Я больше склоняюсь к мысли, что горести не рисуют пробелы на прямой счастья, а пересекают ее самостоятельными отрезками. И задача человека – воспринимать их как такую же заслуживающую внимания часть Жизни, потому что на их фоне счастье чувствуется острее. Может быть, мы и понимаем, что это счастье, только когда испытали его антоним. Может быть, удельная ценность счастья повышается с каждым опытом горя.
Год назад у меня умер лучший друг. Эта горесть была такой же ожидаемой, сколько и неожиданной. Я любила его искренне и всей душой, насколько была способна любить другого человека. А когда его не стало, даже не смогла выплакать свою боль – все еще не поверила в то, что его нет. До сих пор не могу.
После многочисленных попыток поговорить с ним и в храме, или на кладбище, чувствовала, что это неспокойствие дергает и меня, и, вероятно, его тоже. Это было неправильно. Хотелось попрощаться с ним, отпустить его, дать ему свободу.
Когда мне тревожно, то я спасаюсь разговорами с проверенными людьми. И после одного такого монолога о друге мое доверенное лицо сказало: «Я понимаю твою боль. Это похоже на то, как часть твоего тела вырвали из тебя осколками. Но, может, это еще один повод сказать твоему другу спасибо и вспомнить то хорошее, чем было наполнено ваше совместное время».
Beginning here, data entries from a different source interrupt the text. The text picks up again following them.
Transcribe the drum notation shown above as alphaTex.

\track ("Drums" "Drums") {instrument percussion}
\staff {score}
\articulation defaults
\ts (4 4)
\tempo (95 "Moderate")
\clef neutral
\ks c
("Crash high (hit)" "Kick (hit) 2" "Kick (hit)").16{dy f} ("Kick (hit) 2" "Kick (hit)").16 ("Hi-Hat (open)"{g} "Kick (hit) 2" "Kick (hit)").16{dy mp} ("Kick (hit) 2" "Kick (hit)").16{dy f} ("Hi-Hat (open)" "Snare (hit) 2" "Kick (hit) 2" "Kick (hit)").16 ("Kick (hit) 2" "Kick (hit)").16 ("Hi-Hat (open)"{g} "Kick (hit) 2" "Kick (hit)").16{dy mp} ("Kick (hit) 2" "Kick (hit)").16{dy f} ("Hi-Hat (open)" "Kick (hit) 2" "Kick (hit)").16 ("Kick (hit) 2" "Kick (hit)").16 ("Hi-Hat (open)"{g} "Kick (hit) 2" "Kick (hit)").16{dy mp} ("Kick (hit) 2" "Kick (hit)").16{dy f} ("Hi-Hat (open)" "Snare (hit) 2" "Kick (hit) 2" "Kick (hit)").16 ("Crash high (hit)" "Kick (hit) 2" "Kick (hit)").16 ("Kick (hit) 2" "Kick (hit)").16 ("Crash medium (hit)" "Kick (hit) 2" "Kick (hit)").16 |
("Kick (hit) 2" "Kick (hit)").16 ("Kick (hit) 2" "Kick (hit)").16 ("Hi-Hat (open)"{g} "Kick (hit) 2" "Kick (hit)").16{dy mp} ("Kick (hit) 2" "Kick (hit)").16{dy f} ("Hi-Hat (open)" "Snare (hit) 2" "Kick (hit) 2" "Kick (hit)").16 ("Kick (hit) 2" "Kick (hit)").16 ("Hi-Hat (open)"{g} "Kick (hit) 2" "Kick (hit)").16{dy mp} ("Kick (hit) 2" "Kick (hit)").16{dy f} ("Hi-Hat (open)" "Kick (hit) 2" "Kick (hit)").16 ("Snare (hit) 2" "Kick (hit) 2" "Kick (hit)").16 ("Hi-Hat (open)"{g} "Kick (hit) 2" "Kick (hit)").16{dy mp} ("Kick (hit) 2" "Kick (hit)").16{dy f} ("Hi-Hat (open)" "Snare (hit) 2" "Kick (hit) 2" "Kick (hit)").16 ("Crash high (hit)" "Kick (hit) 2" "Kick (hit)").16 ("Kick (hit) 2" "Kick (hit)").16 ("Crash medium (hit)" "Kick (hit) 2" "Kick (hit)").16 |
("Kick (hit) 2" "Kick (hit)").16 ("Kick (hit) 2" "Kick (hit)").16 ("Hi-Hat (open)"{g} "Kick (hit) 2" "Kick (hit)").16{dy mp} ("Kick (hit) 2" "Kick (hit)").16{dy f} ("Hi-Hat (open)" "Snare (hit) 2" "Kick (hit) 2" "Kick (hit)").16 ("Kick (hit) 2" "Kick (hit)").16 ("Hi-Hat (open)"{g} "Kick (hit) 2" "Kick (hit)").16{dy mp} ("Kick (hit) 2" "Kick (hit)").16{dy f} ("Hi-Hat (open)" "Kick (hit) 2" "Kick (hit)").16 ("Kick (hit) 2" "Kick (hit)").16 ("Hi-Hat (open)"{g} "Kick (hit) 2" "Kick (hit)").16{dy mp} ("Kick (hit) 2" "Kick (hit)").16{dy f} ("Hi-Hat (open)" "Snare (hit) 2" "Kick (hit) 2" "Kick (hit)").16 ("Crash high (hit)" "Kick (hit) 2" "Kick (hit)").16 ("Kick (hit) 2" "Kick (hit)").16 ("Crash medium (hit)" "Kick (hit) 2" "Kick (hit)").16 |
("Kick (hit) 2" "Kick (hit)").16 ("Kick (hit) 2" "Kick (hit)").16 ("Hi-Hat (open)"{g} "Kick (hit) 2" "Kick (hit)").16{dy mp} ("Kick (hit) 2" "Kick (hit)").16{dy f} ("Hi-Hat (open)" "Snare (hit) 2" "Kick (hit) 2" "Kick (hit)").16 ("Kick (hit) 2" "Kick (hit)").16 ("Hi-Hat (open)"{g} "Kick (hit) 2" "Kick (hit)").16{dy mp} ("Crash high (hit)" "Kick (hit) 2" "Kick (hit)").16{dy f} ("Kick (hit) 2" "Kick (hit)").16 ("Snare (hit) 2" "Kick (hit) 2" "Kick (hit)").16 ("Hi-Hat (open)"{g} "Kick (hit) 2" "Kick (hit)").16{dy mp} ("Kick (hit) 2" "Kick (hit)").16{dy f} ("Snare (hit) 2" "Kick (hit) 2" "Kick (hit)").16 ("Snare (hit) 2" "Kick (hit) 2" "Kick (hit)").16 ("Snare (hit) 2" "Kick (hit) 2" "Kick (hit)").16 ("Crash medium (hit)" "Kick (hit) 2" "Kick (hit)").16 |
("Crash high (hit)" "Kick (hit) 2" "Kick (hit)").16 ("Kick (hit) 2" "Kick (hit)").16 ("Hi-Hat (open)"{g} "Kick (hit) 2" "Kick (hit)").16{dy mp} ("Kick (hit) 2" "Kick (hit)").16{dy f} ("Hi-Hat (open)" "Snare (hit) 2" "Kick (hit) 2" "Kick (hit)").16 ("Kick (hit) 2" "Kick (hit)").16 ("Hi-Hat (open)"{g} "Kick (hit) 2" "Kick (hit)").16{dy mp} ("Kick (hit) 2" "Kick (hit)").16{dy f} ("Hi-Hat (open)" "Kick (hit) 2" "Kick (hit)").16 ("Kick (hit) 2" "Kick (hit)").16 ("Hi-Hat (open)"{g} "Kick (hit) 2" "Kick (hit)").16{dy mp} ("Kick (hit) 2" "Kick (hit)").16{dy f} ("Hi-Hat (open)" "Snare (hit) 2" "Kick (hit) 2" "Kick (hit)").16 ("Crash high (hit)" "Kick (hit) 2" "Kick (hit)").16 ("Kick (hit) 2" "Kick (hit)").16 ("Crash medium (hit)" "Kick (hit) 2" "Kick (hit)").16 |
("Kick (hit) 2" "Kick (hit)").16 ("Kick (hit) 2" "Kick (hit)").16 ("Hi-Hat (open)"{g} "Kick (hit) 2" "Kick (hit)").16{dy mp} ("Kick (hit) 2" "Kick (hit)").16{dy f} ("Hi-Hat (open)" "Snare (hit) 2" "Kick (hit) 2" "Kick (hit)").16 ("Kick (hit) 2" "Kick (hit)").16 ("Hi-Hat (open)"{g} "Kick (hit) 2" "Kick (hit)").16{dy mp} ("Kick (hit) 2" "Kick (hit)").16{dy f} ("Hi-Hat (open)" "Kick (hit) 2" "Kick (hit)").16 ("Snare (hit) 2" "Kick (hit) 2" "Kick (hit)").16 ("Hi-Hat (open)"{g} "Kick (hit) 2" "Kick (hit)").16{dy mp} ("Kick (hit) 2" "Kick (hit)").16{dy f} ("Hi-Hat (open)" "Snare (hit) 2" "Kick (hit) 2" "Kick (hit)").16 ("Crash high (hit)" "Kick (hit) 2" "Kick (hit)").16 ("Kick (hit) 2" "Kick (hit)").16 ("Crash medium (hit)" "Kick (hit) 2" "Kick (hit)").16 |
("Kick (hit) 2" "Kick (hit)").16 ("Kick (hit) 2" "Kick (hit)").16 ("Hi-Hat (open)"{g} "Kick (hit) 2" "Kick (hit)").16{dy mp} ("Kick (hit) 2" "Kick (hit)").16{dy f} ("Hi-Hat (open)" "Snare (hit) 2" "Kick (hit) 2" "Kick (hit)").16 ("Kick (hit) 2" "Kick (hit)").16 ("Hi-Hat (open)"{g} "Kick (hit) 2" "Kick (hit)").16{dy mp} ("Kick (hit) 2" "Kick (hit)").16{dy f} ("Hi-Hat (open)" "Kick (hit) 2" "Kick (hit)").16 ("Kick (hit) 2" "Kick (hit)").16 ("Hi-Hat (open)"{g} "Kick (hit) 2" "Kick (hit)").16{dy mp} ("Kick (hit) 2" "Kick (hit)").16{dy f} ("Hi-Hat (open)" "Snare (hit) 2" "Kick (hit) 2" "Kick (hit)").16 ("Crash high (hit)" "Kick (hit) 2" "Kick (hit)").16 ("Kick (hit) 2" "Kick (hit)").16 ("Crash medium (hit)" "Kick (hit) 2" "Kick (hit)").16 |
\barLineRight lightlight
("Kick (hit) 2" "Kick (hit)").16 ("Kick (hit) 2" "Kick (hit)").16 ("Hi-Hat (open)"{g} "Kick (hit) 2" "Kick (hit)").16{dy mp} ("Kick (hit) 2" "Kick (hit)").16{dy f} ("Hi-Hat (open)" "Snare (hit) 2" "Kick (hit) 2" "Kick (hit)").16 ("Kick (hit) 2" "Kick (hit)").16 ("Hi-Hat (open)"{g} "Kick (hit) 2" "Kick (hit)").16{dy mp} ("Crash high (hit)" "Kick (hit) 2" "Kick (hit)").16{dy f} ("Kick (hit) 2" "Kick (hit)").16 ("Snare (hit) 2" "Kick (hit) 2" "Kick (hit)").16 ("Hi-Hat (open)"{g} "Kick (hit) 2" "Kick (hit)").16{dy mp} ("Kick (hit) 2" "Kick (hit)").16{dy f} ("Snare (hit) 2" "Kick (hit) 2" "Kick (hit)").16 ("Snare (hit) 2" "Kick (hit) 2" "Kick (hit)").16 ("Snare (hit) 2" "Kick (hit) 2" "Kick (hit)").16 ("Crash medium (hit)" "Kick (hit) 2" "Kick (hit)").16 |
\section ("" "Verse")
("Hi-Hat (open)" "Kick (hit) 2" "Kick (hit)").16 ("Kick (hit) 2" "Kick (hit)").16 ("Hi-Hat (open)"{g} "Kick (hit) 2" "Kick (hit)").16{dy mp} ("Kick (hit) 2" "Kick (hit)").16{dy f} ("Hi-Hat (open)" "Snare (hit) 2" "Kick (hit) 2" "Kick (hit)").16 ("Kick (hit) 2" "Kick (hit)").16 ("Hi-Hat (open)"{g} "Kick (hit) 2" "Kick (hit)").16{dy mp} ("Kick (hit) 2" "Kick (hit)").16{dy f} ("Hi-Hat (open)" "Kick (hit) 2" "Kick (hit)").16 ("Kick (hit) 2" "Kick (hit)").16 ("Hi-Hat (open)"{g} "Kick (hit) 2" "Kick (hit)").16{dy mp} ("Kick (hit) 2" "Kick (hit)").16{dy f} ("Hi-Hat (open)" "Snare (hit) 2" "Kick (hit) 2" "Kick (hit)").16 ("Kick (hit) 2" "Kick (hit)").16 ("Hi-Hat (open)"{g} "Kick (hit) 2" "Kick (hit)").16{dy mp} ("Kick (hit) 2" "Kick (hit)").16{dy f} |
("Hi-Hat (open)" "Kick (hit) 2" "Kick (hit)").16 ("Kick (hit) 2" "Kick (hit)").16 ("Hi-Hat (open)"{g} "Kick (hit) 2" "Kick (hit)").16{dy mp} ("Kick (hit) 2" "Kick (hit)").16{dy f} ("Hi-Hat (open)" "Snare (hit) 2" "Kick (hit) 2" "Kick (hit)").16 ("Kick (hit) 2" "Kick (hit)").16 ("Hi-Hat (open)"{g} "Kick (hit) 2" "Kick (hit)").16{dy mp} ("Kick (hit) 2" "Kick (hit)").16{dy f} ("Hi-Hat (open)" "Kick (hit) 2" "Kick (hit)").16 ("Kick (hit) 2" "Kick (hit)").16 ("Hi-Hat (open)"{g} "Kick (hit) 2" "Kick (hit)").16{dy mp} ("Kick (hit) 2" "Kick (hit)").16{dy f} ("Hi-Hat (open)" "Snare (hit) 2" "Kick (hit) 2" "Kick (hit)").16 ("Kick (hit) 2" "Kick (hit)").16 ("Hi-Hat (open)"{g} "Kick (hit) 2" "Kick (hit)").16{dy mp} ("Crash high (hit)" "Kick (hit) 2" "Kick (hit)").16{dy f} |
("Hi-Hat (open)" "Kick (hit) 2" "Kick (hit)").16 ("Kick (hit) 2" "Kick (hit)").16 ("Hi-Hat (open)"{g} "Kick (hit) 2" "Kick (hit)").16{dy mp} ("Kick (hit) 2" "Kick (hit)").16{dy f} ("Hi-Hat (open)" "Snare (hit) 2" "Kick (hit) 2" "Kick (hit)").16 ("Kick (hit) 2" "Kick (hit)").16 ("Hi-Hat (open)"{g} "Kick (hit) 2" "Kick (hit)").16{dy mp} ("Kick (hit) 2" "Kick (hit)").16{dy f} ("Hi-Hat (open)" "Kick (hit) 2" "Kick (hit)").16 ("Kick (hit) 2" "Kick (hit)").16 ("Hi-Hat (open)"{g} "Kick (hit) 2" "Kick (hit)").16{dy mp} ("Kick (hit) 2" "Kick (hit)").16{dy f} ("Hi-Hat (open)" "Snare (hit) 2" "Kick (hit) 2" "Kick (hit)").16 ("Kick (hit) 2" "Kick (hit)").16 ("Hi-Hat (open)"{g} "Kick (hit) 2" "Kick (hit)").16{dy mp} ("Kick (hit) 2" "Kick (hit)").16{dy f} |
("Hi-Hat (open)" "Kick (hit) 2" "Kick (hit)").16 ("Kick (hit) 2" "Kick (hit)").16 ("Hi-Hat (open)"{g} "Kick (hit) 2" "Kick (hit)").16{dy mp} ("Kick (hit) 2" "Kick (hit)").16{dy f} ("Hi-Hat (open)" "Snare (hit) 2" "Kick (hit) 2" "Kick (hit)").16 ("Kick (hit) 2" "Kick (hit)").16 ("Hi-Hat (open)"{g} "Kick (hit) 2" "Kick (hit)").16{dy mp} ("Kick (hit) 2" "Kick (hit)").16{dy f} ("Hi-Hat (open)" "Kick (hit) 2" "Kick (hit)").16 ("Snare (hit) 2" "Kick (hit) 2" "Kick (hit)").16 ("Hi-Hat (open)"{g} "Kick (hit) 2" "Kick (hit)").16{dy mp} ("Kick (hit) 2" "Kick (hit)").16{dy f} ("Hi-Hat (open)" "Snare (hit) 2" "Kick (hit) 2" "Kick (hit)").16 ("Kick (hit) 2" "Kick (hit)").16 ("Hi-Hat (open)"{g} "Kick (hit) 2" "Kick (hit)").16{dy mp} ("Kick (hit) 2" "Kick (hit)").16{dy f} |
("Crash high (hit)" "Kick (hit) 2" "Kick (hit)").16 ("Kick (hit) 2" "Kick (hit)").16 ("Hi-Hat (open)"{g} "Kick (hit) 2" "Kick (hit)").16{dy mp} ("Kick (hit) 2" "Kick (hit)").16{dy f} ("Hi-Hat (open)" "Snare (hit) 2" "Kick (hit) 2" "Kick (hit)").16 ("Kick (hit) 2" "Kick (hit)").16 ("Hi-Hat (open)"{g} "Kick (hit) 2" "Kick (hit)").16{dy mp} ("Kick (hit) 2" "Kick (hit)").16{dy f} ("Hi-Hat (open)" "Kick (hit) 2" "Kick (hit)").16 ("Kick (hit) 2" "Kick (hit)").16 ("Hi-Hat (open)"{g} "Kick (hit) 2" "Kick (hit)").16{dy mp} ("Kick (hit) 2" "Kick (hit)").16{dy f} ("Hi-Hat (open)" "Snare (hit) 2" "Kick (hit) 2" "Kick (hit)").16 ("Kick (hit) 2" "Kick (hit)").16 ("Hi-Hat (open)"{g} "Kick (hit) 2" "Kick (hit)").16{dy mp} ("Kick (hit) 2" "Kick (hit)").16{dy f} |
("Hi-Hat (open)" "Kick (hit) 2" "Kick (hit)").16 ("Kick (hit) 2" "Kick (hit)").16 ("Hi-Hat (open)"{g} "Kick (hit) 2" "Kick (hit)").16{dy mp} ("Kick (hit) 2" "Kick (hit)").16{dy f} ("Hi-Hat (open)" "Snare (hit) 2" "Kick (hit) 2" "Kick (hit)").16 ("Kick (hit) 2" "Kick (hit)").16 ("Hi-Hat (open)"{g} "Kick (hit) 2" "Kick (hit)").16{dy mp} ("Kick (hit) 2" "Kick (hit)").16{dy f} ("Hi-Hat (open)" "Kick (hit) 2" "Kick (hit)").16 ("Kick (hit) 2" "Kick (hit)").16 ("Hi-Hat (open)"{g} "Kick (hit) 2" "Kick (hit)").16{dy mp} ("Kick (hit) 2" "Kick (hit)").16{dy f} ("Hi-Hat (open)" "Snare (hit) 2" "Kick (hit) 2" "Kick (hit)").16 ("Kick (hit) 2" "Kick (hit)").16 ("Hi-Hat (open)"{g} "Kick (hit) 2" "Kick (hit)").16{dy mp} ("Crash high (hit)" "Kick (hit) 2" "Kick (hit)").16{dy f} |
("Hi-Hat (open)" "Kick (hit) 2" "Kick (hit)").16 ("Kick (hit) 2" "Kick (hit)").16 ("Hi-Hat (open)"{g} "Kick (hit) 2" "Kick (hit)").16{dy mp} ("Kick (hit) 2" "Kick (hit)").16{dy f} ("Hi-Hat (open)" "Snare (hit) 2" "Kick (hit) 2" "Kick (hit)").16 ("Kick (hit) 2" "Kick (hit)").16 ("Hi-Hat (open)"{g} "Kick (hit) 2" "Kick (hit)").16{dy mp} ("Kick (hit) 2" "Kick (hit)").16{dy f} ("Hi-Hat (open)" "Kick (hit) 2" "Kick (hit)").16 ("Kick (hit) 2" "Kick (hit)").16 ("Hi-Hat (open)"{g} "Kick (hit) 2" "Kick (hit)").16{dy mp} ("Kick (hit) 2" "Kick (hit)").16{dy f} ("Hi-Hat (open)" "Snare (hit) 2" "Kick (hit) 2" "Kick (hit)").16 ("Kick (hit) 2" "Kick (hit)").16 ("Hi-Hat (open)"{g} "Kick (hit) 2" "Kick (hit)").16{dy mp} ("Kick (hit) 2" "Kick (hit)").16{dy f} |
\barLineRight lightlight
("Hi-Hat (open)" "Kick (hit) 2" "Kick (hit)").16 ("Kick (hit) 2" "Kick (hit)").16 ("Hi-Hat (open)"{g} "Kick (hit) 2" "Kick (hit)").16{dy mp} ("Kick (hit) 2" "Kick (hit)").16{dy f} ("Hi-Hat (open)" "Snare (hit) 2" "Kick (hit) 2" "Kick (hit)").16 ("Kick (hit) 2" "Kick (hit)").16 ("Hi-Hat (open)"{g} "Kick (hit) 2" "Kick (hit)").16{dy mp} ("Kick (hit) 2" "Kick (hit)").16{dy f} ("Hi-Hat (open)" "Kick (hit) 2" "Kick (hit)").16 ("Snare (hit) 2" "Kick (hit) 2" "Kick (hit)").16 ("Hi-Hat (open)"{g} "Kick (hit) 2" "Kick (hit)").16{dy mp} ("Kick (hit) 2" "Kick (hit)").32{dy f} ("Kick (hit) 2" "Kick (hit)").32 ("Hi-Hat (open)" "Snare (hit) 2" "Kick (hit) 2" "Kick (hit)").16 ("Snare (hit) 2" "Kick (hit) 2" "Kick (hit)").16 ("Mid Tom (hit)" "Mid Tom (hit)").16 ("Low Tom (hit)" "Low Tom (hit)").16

Кажется, тогда я научилась с благодарностью относиться к минувшему, утраченному за то, какой след оно оставило в твоей душе.
Мой друг был потрясающим человеком, лучшим из тех, кого я знала за все годы своей жизни. Он делал мир лучше одним своим присутствием. Он знал, как заставить всех смеяться в самые темные времена. У него как будто был ключ к сердцу каждого, кого он знал. На него можно было положиться. И он не боялся признаваться в чувствах. Я любила его за то, что он был именно таким, потому что таких больше не будет.
И после того, как его жизнь оборвалась, моя продолжается. Поэтому, несмотря на боль, которая ни за десять, ни за сто лет его отсутствия не притупится, я буду счастлива за себя и за него, и успею сделать в этой жизни все счастливое, что он не успел. Я буду благодарить жизнь за то, что знала его, и рассказывать о нем там, где смогу.
Страшно ли жить после такого? Несомненно. Значит ли это, что такое горе прервет любое счастье моей жизни? Нет. Значит ли, что теперь я лучше разбираюсь в том, что такое счастье? Похоже, что да.
К этому моменту я уже минут двадцать как шла по Большому проспекту. Не заметила хронометраж – когда поднялась с набережной, развернулась, покинула Ленэкспо, помахала спящему сторожу и двинулась дальше.
Сегодня счастье было со мной, как и каждый день. Ну не нужно его звать, гнаться за ним, когда знаешь, что единственное непреложное правило для встречи с ним – просто заметить его там, где оно всегда было, обратить свой внутренний взор на эту искорку доброго, нежного, настоящего и греть, разжигать. Счастье, как и любовь, не существует само по себе. Оно требует ежедневной работы, упорства, но более всего – бесстрашия созидать счастье из маленьких и больших счастий и горестей.
Так, пропуская через волосы потоки ветра, я добралась до набережной со Сфинксами. Ноги сами привели. Шаг мой ускорялся, как будто я обозначила на воображаемой карте конечную цель, как будто решила загадку, составленную для меня усилиями всего человечества.
Весь скованный духотой день, ночь и рассвет расцвели и переродились из неуклюжей гусеницы в тесном коконе в причудливую бабочку. И теперь, сидя со Сфинксами и улавливая ладонями слабые потоки прохлады от Невы, я знала: я была. Я все еще есть.